> **INSTRUCTIONS TO FOLLOW**: Check every line of the material below, and show those that contain "search".

> **DATA SUPPLIED**:
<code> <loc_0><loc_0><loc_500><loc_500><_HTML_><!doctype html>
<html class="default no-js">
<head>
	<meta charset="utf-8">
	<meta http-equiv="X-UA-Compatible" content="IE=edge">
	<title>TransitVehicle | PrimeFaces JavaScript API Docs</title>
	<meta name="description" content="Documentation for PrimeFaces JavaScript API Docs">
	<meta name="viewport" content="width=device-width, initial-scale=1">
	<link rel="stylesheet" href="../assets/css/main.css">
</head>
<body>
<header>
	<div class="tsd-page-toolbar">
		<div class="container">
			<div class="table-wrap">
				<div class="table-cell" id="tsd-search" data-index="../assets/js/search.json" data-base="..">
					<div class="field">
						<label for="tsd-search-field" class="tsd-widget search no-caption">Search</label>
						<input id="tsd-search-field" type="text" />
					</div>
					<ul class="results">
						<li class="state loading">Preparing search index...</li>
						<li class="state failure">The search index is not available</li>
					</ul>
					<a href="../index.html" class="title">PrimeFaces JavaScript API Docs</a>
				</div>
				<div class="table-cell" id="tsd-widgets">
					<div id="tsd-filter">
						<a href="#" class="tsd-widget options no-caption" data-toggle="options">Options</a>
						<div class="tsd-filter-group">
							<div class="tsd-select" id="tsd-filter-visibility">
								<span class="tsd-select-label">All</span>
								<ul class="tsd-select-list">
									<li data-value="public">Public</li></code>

...

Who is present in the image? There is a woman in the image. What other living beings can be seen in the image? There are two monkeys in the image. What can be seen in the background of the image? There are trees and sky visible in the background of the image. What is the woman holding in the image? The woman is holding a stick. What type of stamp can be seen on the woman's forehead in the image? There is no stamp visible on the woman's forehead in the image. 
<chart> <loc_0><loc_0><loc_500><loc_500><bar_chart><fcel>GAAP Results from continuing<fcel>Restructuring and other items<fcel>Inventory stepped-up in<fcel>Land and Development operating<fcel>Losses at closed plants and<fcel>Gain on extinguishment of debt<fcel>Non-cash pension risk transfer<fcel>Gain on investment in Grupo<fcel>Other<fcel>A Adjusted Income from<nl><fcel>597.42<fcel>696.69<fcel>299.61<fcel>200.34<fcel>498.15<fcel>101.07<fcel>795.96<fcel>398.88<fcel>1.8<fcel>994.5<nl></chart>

...

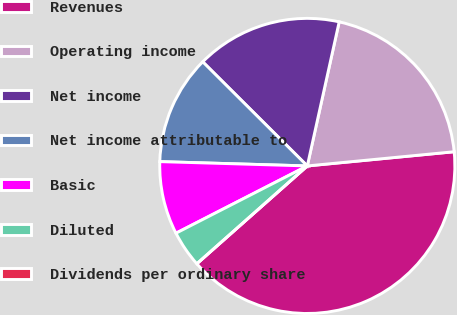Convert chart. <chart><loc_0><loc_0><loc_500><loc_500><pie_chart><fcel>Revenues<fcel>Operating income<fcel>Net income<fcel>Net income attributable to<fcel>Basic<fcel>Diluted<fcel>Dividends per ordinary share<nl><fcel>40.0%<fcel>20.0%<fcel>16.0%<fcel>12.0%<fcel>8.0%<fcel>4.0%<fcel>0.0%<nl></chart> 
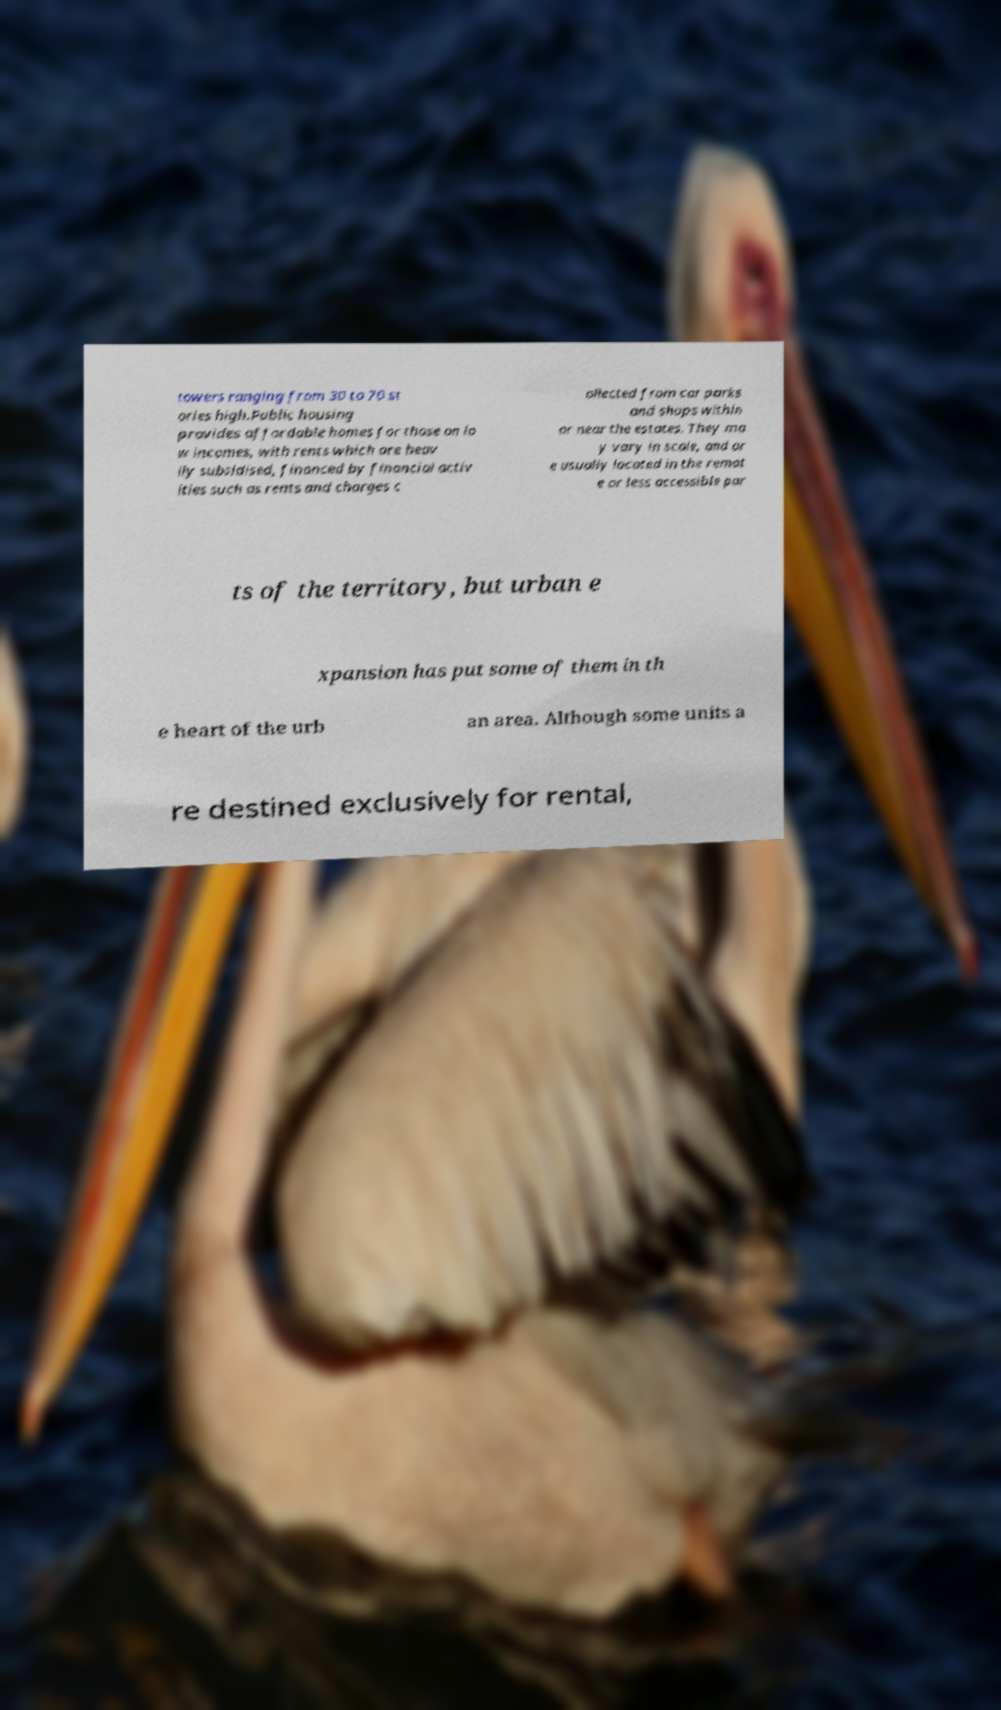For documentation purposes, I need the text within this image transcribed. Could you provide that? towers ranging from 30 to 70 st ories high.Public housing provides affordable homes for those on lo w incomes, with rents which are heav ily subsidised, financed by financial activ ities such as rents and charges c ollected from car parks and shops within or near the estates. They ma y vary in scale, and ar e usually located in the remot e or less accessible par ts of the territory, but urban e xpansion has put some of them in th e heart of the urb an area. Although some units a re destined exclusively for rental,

> **RESPONSE TO THIS EXERCISE**:
				<div class="table-cell" id="tsd-search" data-index="../assets/js/search.json" data-base="..">
						<label for="tsd-search-field" class="tsd-widget search no-caption">Search</label>
						<input id="tsd-search-field" type="text" />
						<li class="state loading">Preparing search index...</li>
						<li class="state failure">The search index is not available</li>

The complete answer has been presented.